- **GOAL OF THE EXERCISE**:
Begin at the line below that contains "ref = msp.add_blockref('PART001', (0, 0))". Repeat it and all remaining lines of the records exactly.

- **SUPPLIED ENTRIES**:

- - - - - - -

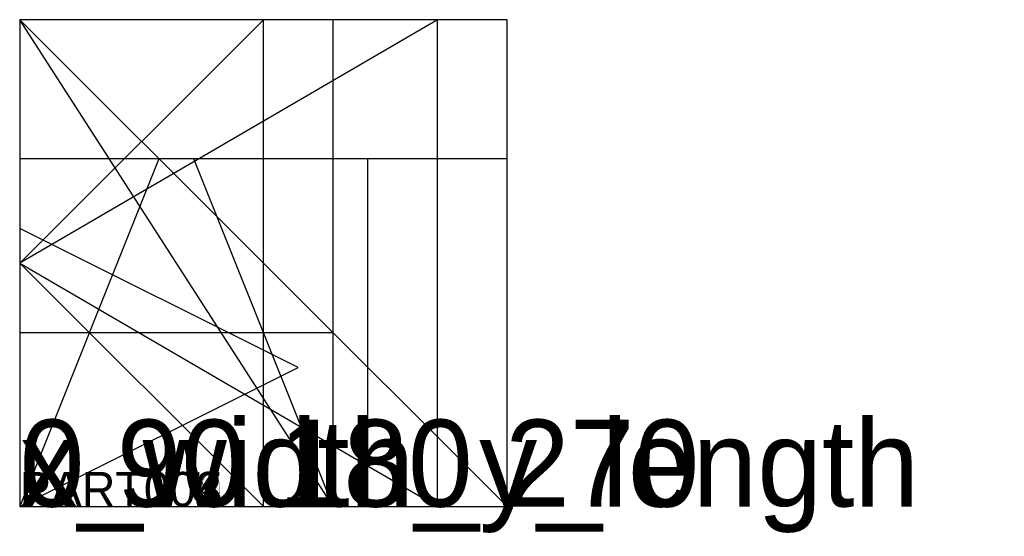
# Model space of a CAD drawing. Extents: x 0 to 28.3, y -0.9 to 14.
import ezdxf

# ---------------------------------------------------------------- set-up
doc = ezdxf.new("R2010")
doc.units = 0
doc.layers.add('1', color=7, linetype='Continuous')
doc.layers.add('19', color=7, linetype='Continuous')

# ---------------------------------------------------------------- blocks, each defined once
blk = doc.blocks.new('PART001')
at = {"layer": '1'}
blk.add_lwpolyline([(10, 0), (10, 10), (0, 10), (0, 0)], close=True, dxfattribs=at)
at = {"layer": '19'}
blk.add_text('PART001', height=1, dxfattribs=at).set_placement((0, 0))
blk = doc.blocks.new('PART002')
at = {"layer": '1'}
blk.add_lwpolyline([(9, 0), (9, 14), (0, 14), (0, 0)], close=True, dxfattribs=at)
at = {"layer": '19'}
blk.add_text('PART002', height=1, dxfattribs=at).set_placement((0, 0))
blk = doc.blocks.new('PART003')
at = {"layer": '1'}
blk.add_lwpolyline([(7, 0), (7, 14), (0, 7)], close=True, dxfattribs=at)
at = {"layer": '19'}
blk.add_text('PART003', height=1, dxfattribs=at).set_placement((0, 0))
blk = doc.blocks.new('PART004')
at = {"layer": '1'}
blk.add_lwpolyline([(0, 0), (9, 0), (0, 14)], close=True, dxfattribs=at)
at = {"layer": '19'}
blk.add_text('PART004', height=1, dxfattribs=at).set_placement((0, 0))
blk = doc.blocks.new('PART005')
at = {"layer": '1'}
blk.add_lwpolyline([(14, 0), (14, 14), (0, 14), (0, 0)], close=True, dxfattribs=at)
at = {"layer": '19'}
blk.add_text('PART005', height=1, dxfattribs=at).set_placement((0, 0))
blk = doc.blocks.new('PART006')
at = {"layer": '1'}
blk.add_lwpolyline([(9, 0), (5, 10), (0, 10), (0, 0)], close=True, dxfattribs=at)
at = {"layer": '19'}
blk.add_text('PART006', height=1, dxfattribs=at).set_placement((0, 0))
blk = doc.blocks.new('PART007')
at = {"layer": '1'}
blk.add_lwpolyline([(9, 0), (9, 5), (0, 5), (0, 0)], close=True, dxfattribs=at)
at = {"layer": '19'}
blk.add_text('PART007', height=1, dxfattribs=at).set_placement((0, 0))
blk = doc.blocks.new('PART008')
at = {"layer": '1'}
blk.add_lwpolyline([(14, 0), (14, 14), (0, 14)], close=True, dxfattribs=at)
at = {"layer": '19'}
blk.add_text('PART008', height=1, dxfattribs=at).set_placement((0, 0))
blk = doc.blocks.new('PART009')
at = {"layer": '1'}
blk.add_lwpolyline([(14, 0), (14, 10), (4, 10), (0, 0)], close=True, dxfattribs=at)
at = {"layer": '19'}
blk.add_text('PART009', height=1, dxfattribs=at).set_placement((0, 0))
blk = doc.blocks.new('PART010')
at = {"layer": '1'}
blk.add_lwpolyline([(0, 0), (8, 4), (0, 8)], close=True, dxfattribs=at)
at = {"layer": '19'}
blk.add_text('PART010', height=1, dxfattribs=at).set_placement((0, 0))
blk = doc.blocks.new('PART011')
at = {"layer": '1'}
blk.add_lwpolyline([(12, 0), (12, 14), (0, 7)], close=True, dxfattribs=at)
at = {"layer": '19'}
blk.add_text('PART011', height=1, dxfattribs=at).set_placement((0, 0))

msp = doc.modelspace()

# ---------------------------------------------------------------- block references
ref = msp.add_blockref('PART002', (0, 0))
ref.add_attrib('AOF_MIRROR_ALLOWED', '0', (0, 0), dxfattribs={"height": 2.5})
ref.add_attrib('AOF_COORDINATE_SYSTEM', 'x_width_y_length', (0, 0), dxfattribs={"height": 2.5})
ref.add_attrib('AOF_ROTATIONS', '0 90 180 270', (0, 0), dxfattribs={"height": 2.5})
ref = msp.add_blockref('PART003', (0, 0))
ref.add_attrib('AOF_MIRROR_ALLOWED', '0', (0, 0), dxfattribs={"height": 2.5})
ref.add_attrib('AOF_COORDINATE_SYSTEM', 'x_width_y_length', (0, 0), dxfattribs={"height": 2.5})
ref.add_attrib('AOF_ROTATIONS', '0 90 180 270', (0, 0), dxfattribs={"height": 2.5})
ref = msp.add_blockref('PART004', (0, 0))
ref.add_attrib('AOF_MIRROR_ALLOWED', '0', (0, 0), dxfattribs={"height": 2.5})
ref.add_attrib('AOF_COORDINATE_SYSTEM', 'x_width_y_length', (0, 0), dxfattribs={"height": 2.5})
ref.add_attrib('AOF_ROTATIONS', '0 90 180 270', (0, 0), dxfattribs={"height": 2.5})
ref = msp.add_blockref('PART005', (0, 0))
ref.add_attrib('AOF_MIRROR_ALLOWED', '0', (0, 0), dxfattribs={"height": 2.5})
ref.add_attrib('AOF_COORDINATE_SYSTEM', 'x_width_y_length', (0, 0), dxfattribs={"height": 2.5})
ref.add_attrib('AOF_ROTATIONS', '0 90 180 270', (0, 0), dxfattribs={"height": 2.5})
ref = msp.add_blockref('PART008', (0, 0))
ref.add_attrib('AOF_MIRROR_ALLOWED', '0', (0, 0), dxfattribs={"height": 2.5})
ref.add_attrib('AOF_COORDINATE_SYSTEM', 'x_width_y_length', (0, 0), dxfattribs={"height": 2.5})
ref.add_attrib('AOF_ROTATIONS', '0 90 180 270', (0, 0), dxfattribs={"height": 2.5})
ref = msp.add_blockref('PART011', (0, 0))
ref.add_attrib('AOF_MIRROR_ALLOWED', '0', (0, 0), dxfattribs={"height": 2.5})
ref.add_attrib('AOF_COORDINATE_SYSTEM', 'x_width_y_length', (0, 0), dxfattribs={"height": 2.5})
ref.add_attrib('AOF_ROTATIONS', '0 90 180 270', (0, 0), dxfattribs={"height": 2.5})
ref = msp.add_blockref('PART001', (0, 0))
ref.add_attrib('AOF_MIRROR_ALLOWED', '0', (0, 0), dxfattribs={"height": 2.5})
ref.add_attrib('AOF_COORDINATE_SYSTEM', 'x_width_y_length', (0, 0), dxfattribs={"height": 2.5})
ref.add_attrib('AOF_ROTATIONS', '0 90 180 270', (0, 0), dxfattribs={"height": 2.5})
ref = msp.add_blockref('PART006', (0, 0))
ref.add_attrib('AOF_MIRROR_ALLOWED', '0', (0, 0), dxfattribs={"height": 2.5})
ref.add_attrib('AOF_COORDINATE_SYSTEM', 'x_width_y_length', (0, 0), dxfattribs={"height": 2.5})
ref.add_attrib('AOF_ROTATIONS', '0 90 180 270', (0, 0), dxfattribs={"height": 2.5})
ref = msp.add_blockref('PART009', (0, 0))
ref.add_attrib('AOF_MIRROR_ALLOWED', '0', (0, 0), dxfattribs={"height": 2.5})
ref.add_attrib('AOF_COORDINATE_SYSTEM', 'x_width_y_length', (0, 0), dxfattribs={"height": 2.5})
ref.add_attrib('AOF_ROTATIONS', '0 90 180 270', (0, 0), dxfattribs={"height": 2.5})
ref = msp.add_blockref('PART010', (0, 0))
ref.add_attrib('AOF_MIRROR_ALLOWED', '0', (0, 0), dxfattribs={"height": 2.5})
ref.add_attrib('AOF_COORDINATE_SYSTEM', 'x_width_y_length', (0, 0), dxfattribs={"height": 2.5})
ref.add_attrib('AOF_ROTATIONS', '0 90 180 270', (0, 0), dxfattribs={"height": 2.5})
ref = msp.add_blockref('PART007', (0, 0))
ref.add_attrib('AOF_MIRROR_ALLOWED', '0', (0, 0), dxfattribs={"height": 2.5})
ref.add_attrib('AOF_COORDINATE_SYSTEM', 'x_width_y_length', (0, 0), dxfattribs={"height": 2.5})
ref.add_attrib('AOF_ROTATIONS', '0 90 180 270', (0, 0), dxfattribs={"height": 2.5})

doc.saveas('drawing.dxf')

- - - - - - -

- **RESPONSE FOR THIS EXERCISE**:
ref = msp.add_blockref('PART001', (0, 0))
ref.add_attrib('AOF_MIRROR_ALLOWED', '0', (0, 0), dxfattribs={"height": 2.5})
ref.add_attrib('AOF_COORDINATE_SYSTEM', 'x_width_y_length', (0, 0), dxfattribs={"height": 2.5})
ref.add_attrib('AOF_ROTATIONS', '0 90 180 270', (0, 0), dxfattribs={"height": 2.5})
ref = msp.add_blockref('PART006', (0, 0))
ref.add_attrib('AOF_MIRROR_ALLOWED', '0', (0, 0), dxfattribs={"height": 2.5})
ref.add_attrib('AOF_COORDINATE_SYSTEM', 'x_width_y_length', (0, 0), dxfattribs={"height": 2.5})
ref.add_attrib('AOF_ROTATIONS', '0 90 180 270', (0, 0), dxfattribs={"height": 2.5})
ref = msp.add_blockref('PART009', (0, 0))
ref.add_attrib('AOF_MIRROR_ALLOWED', '0', (0, 0), dxfattribs={"height": 2.5})
ref.add_attrib('AOF_COORDINATE_SYSTEM', 'x_width_y_length', (0, 0), dxfattribs={"height": 2.5})
ref.add_attrib('AOF_ROTATIONS', '0 90 180 270', (0, 0), dxfattribs={"height": 2.5})
ref = msp.add_blockref('PART010', (0, 0))
ref.add_attrib('AOF_MIRROR_ALLOWED', '0', (0, 0), dxfattribs={"height": 2.5})
ref.add_attrib('AOF_COORDINATE_SYSTEM', 'x_width_y_length', (0, 0), dxfattribs={"height": 2.5})
ref.add_attrib('AOF_ROTATIONS', '0 90 180 270', (0, 0), dxfattribs={"height": 2.5})
ref = msp.add_blockref('PART007', (0, 0))
ref.add_attrib('AOF_MIRROR_ALLOWED', '0', (0, 0), dxfattribs={"height": 2.5})
ref.add_attrib('AOF_COORDINATE_SYSTEM', 'x_width_y_length', (0, 0), dxfattribs={"height": 2.5})
ref.add_attrib('AOF_ROTATIONS', '0 90 180 270', (0, 0), dxfattribs={"height": 2.5})

doc.saveas('drawing.dxf')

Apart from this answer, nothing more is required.